─── THE DATA ───

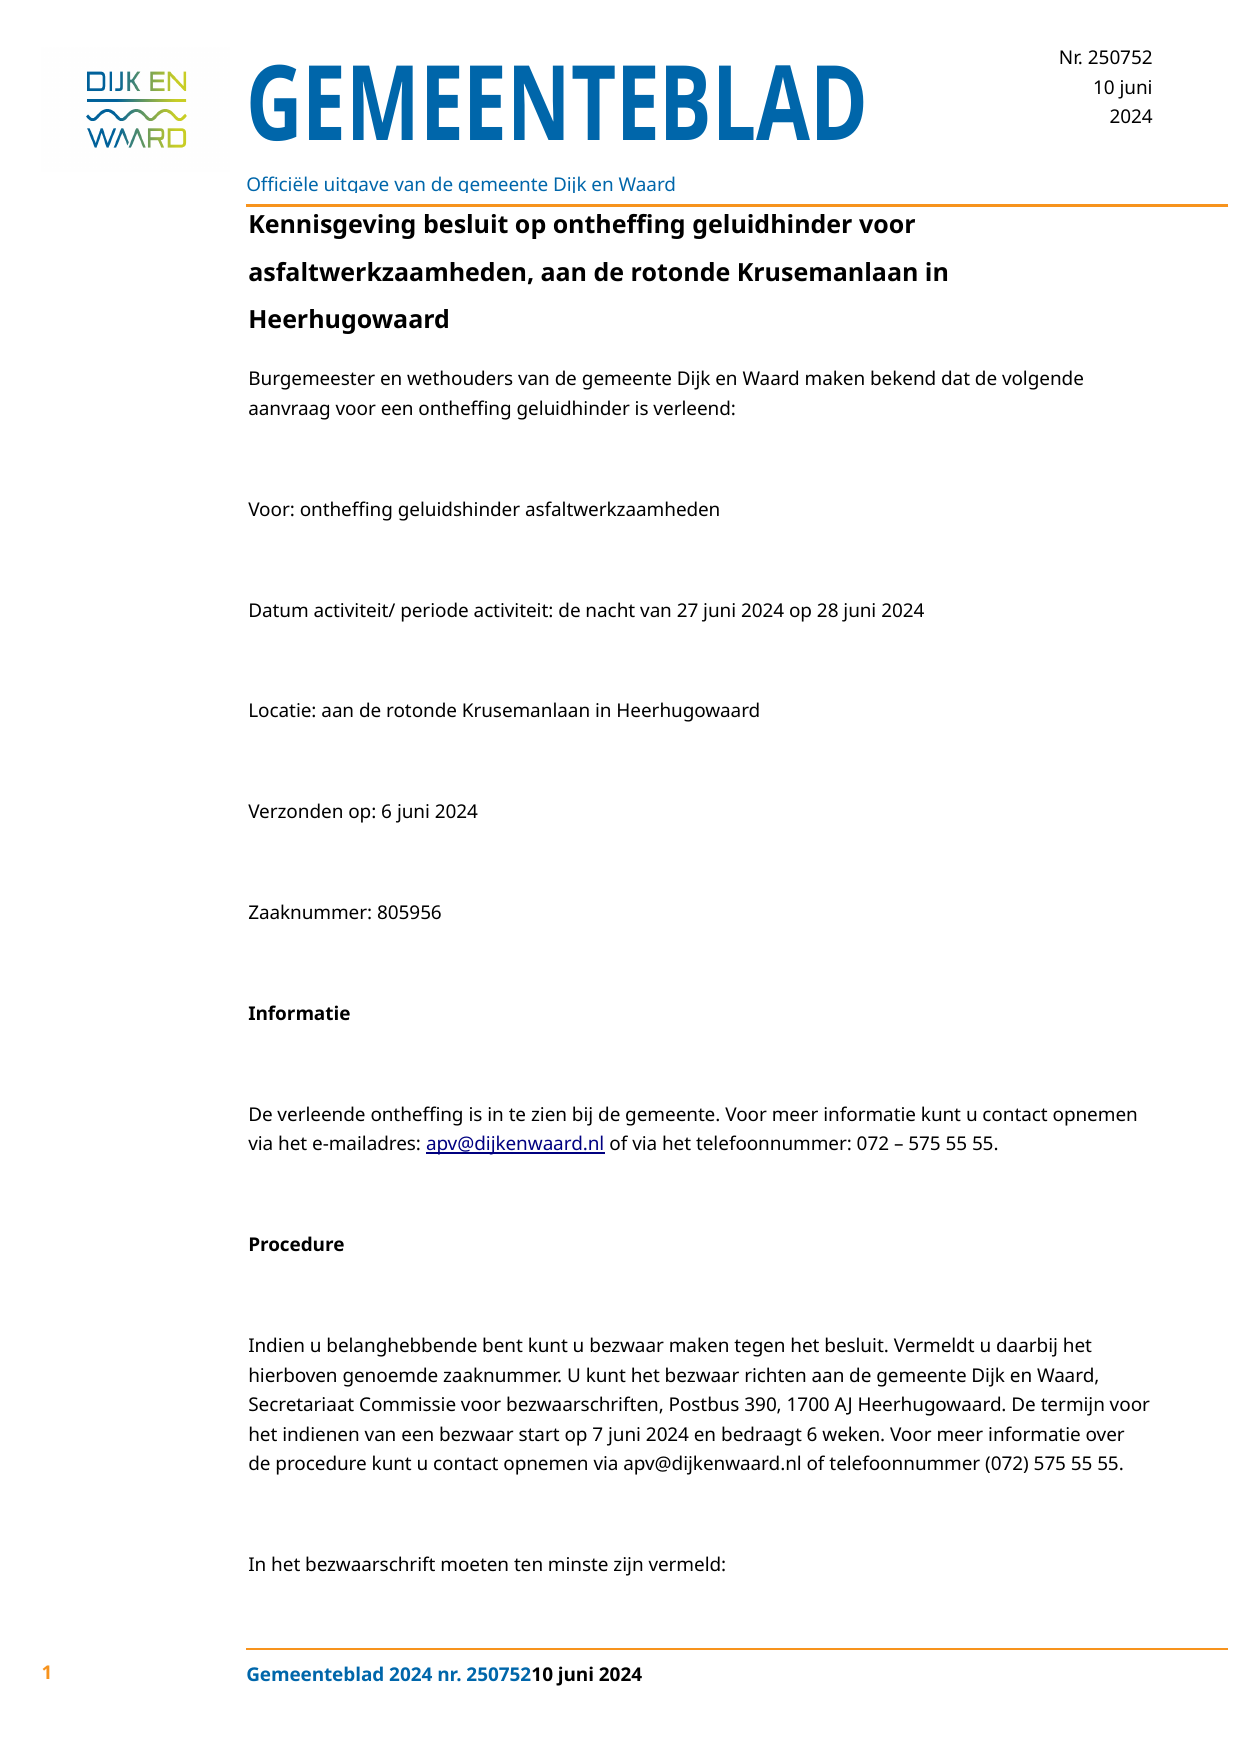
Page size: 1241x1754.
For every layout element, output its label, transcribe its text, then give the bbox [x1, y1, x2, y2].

text Voor: ontheffing geluidshinder asfaltwerkzaamheden [248, 496, 1152, 522]
text Kennisgeving besluit op ontheffing geluidhinder voor asfaltwerkzaamheden, aan de rotonde Krusemanlaan in Heerhugowaard [248, 207, 1152, 336]
text Burgemeester en wethouders van de gemeente Dijk en Waard maken bekend dat de volgende aanvraag voor een ontheffing geluidhinder is verleend: [248, 366, 1152, 421]
text Procedure [248, 1231, 1152, 1257]
text Datum activiteit/ periode activiteit: de nacht van 27 juni 2024 op 28 juni 2024 [248, 597, 1152, 622]
text Informatie [248, 1000, 1152, 1026]
text De verleende ontheffing is in te zien bij de gemeente. Voor meer informatie kunt u contact opnemen via het e-mailadres: apv@dijkenwaard.nl of via het telefoonnummer: 072 – 575 55 55. [248, 1101, 1152, 1156]
text In het bezwaarschrift moeten ten minste zijn vermeld: [248, 1551, 1152, 1577]
text Locatie: aan de rotonde Krusemanlaan in Heerhugowaard [248, 698, 1152, 723]
text Indien u belanghebbende bent kunt u bezwaar maken tegen het besluit. Vermeldt u daarbij het hierboven genoemde zaaknummer. U kunt het bezwaar richten aan de gemeente Dijk en Waard, Secretariaat Commissie voor bezwaarschriften, Postbus 390, 1700 AJ Heerhugowaard. De termijn voor het indienen van een bezwaar start op 7 juni 2024 en bedraagt 6 weken. Voor meer informatie over de procedure kunt u contact opnemen via apv@dijkenwaard.nl of telefoonnummer (072) 575 55 55. [248, 1332, 1152, 1476]
text Verzonden op: 6 juni 2024 [248, 798, 1152, 824]
picture [41, 47, 231, 172]
text Zaaknummer: 805956 [248, 899, 1152, 925]
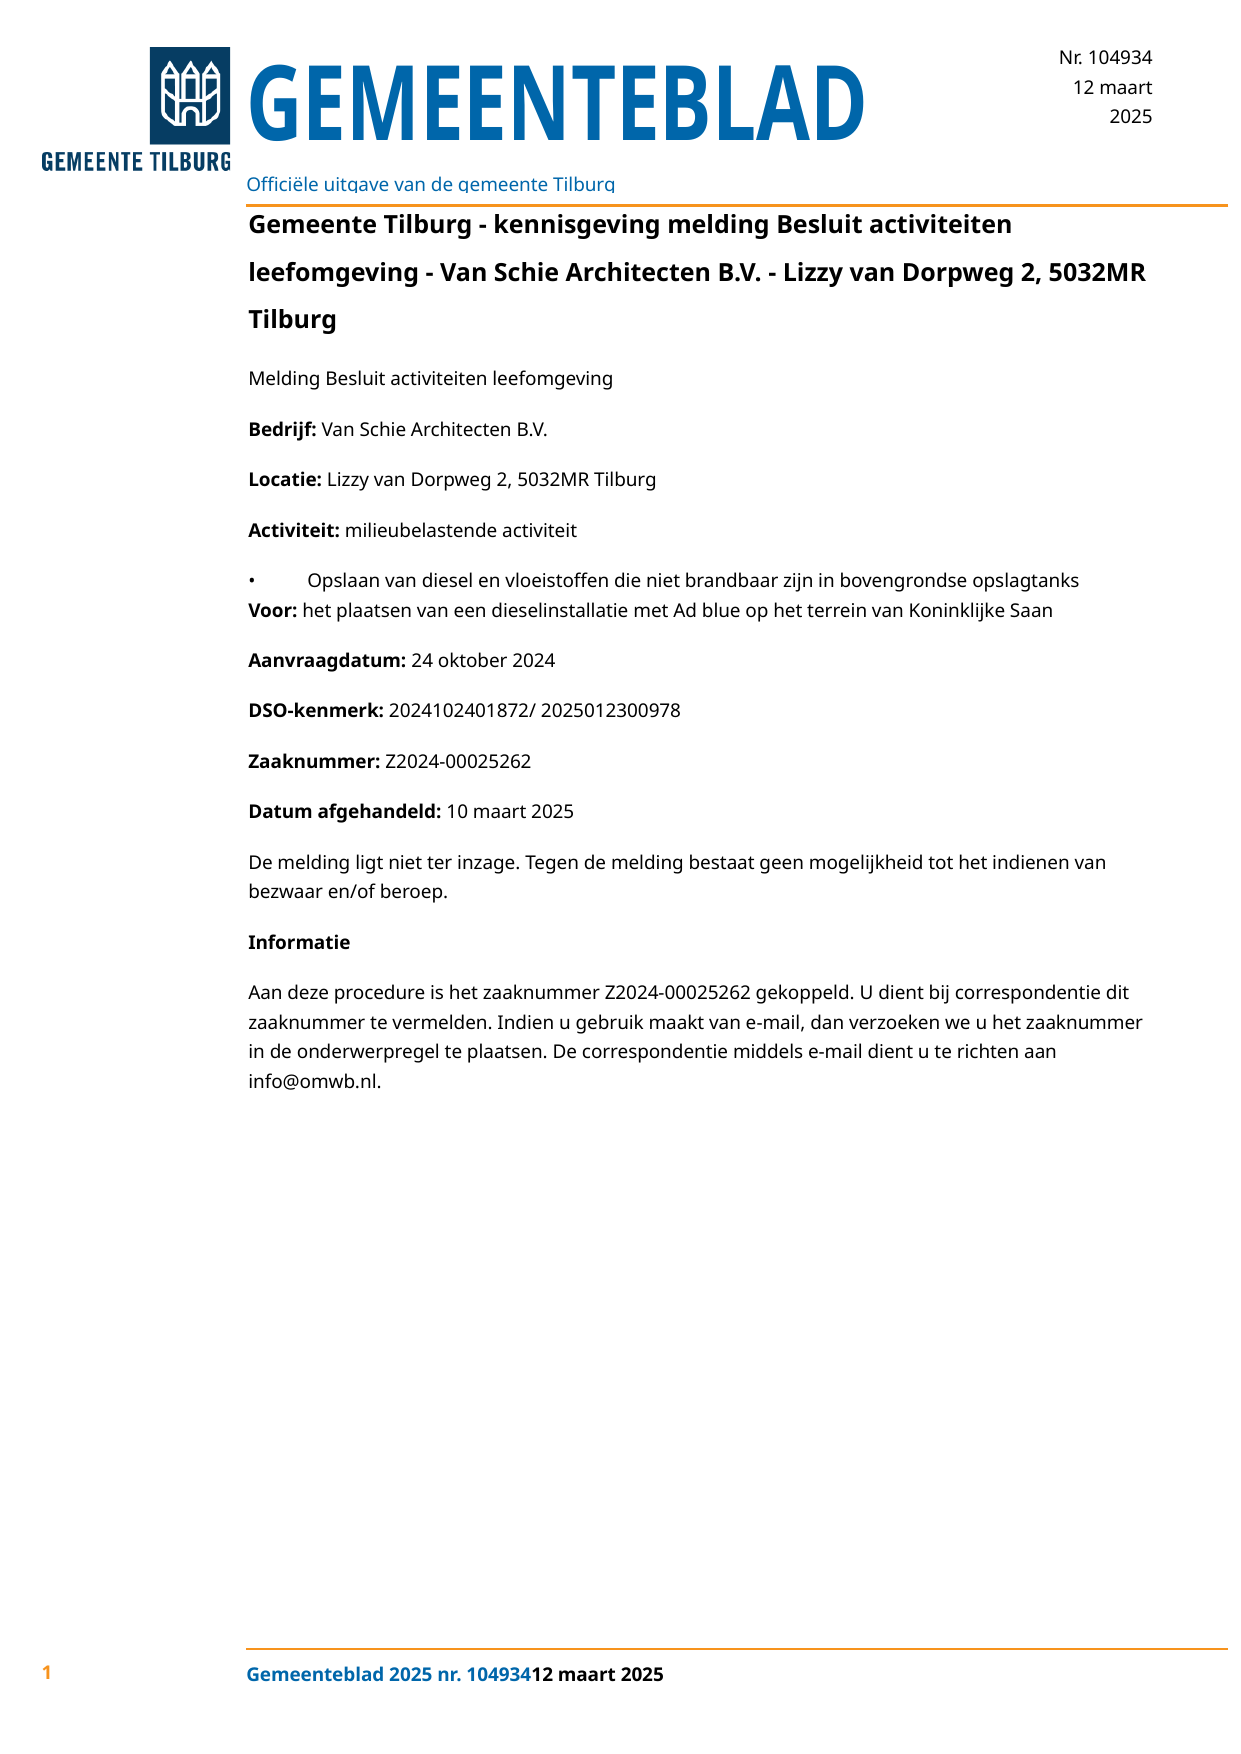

───

» TASK INSTRUCTIONS
The copy should hold, exactly, the lines from the one containing "text De verleende" to the final line of the listing above, with both ends present and no pictures.

» EXERCISE OUTPUT
text De verleende ontheffing is in te zien bij de gemeente. Voor meer informatie kunt u contact opnemen via het e-mailadres: apv@dijkenwaard.nl of via het telefoonnummer: 072 – 575 55 55. [248, 1101, 1152, 1156]
text In het bezwaarschrift moeten ten minste zijn vermeld: [248, 1551, 1152, 1577]
text Locatie: aan de rotonde Krusemanlaan in Heerhugowaard [248, 698, 1152, 723]
text Indien u belanghebbende bent kunt u bezwaar maken tegen het besluit. Vermeldt u daarbij het hierboven genoemde zaaknummer. U kunt het bezwaar richten aan de gemeente Dijk en Waard, Secretariaat Commissie voor bezwaarschriften, Postbus 390, 1700 AJ Heerhugowaard. De termijn voor het indienen van een bezwaar start op 7 juni 2024 en bedraagt 6 weken. Voor meer informatie over de procedure kunt u contact opnemen via apv@dijkenwaard.nl of telefoonnummer (072) 575 55 55. [248, 1332, 1152, 1476]
text Verzonden op: 6 juni 2024 [248, 798, 1152, 824]
picture [41, 47, 231, 172]
text Zaaknummer: 805956 [248, 899, 1152, 925]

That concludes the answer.